INDIANAPOLIS (Statehouse File) - The number of uninsured people in Indiana remained unchanged from 2016 to 2017, while there was a slight increase across the nation, according to the latest American Community Survey data released this week by the United States Census.
Every year the Census Bureau conducts a survey on health insurance coverage, including data on the number of people who are insured, where they live and what type of coverage they receive.
“Health insurance is an important measure of our nation’s overall wellbeing,” said Sharon Stern, assistant division chief for Employment Characteristics, in a video released with the survey discussing the data.

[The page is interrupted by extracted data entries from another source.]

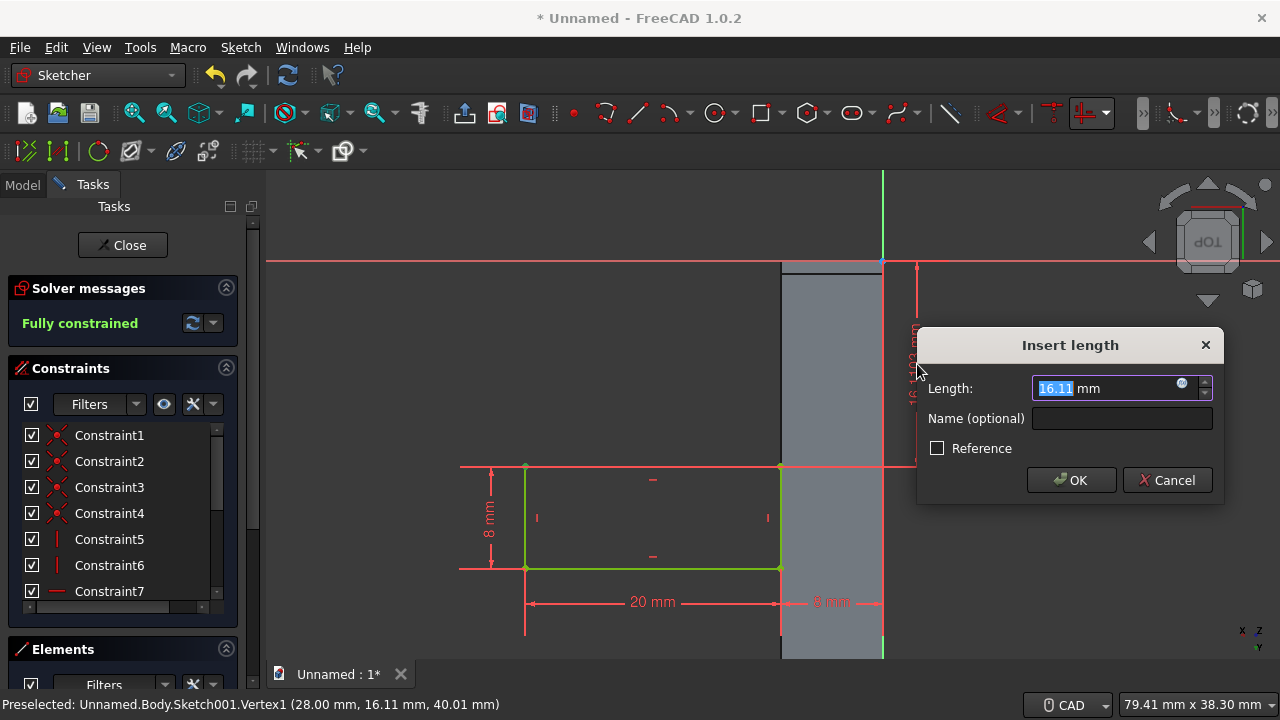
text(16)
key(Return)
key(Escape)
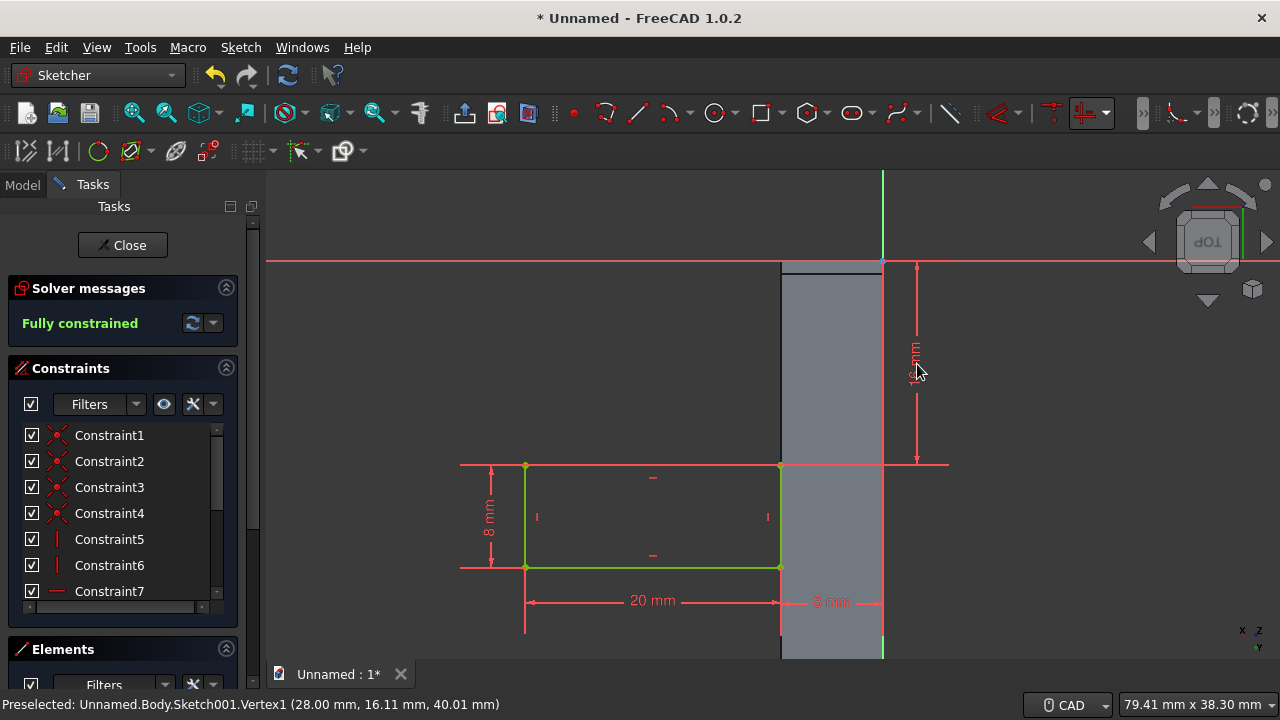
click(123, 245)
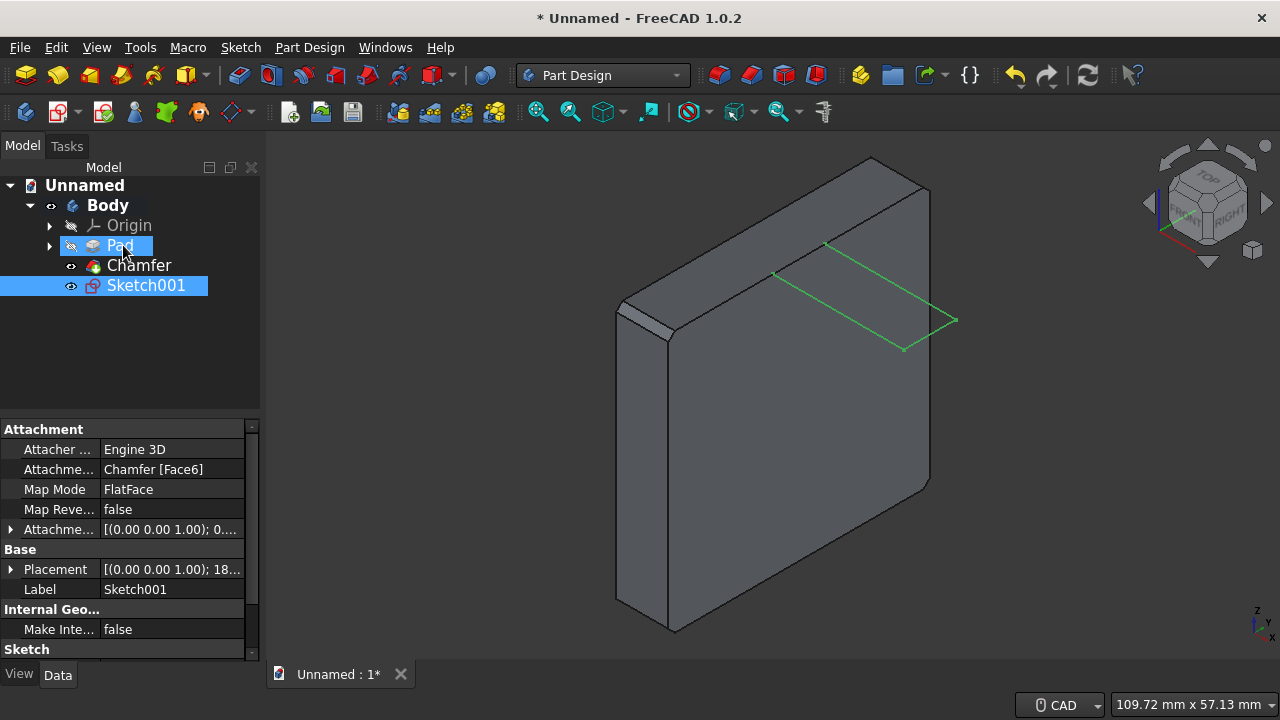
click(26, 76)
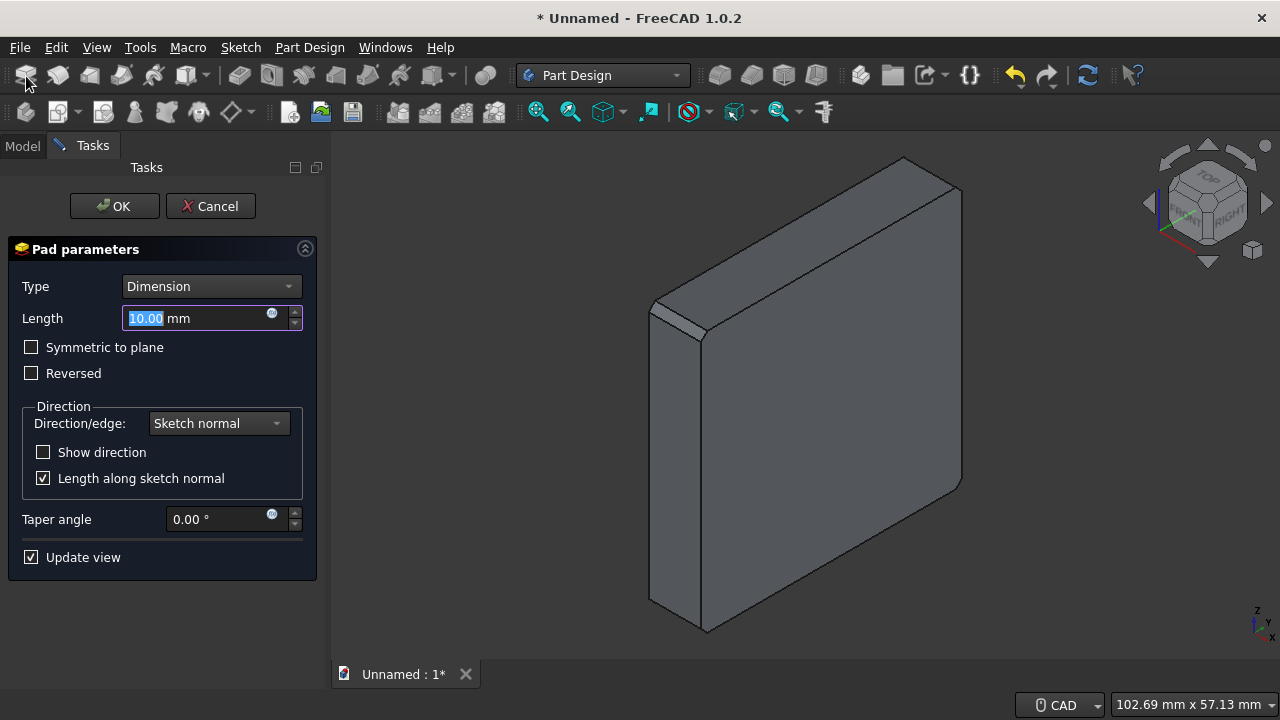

The data show that 8.8 percent, or about 28.5 million people in the United States, did not have health insurance coverage for the entire calendar year of 2017, an increase from 27.3 million uninsured in 2016.
“Policy makers use this data to make data-driven decisions,” Stern said.
Two of Indiana’s Senate candidates, incumbent Democrat Joe Donnelly and Republican Mike Braun, have both made health care an issue in their hotly-contested race.
Donnelly has attacked Braun for supporting a lawsuit by a group of Republican attorneys general that could repeal protections against insurance companies dropping people with pre-existing conditions.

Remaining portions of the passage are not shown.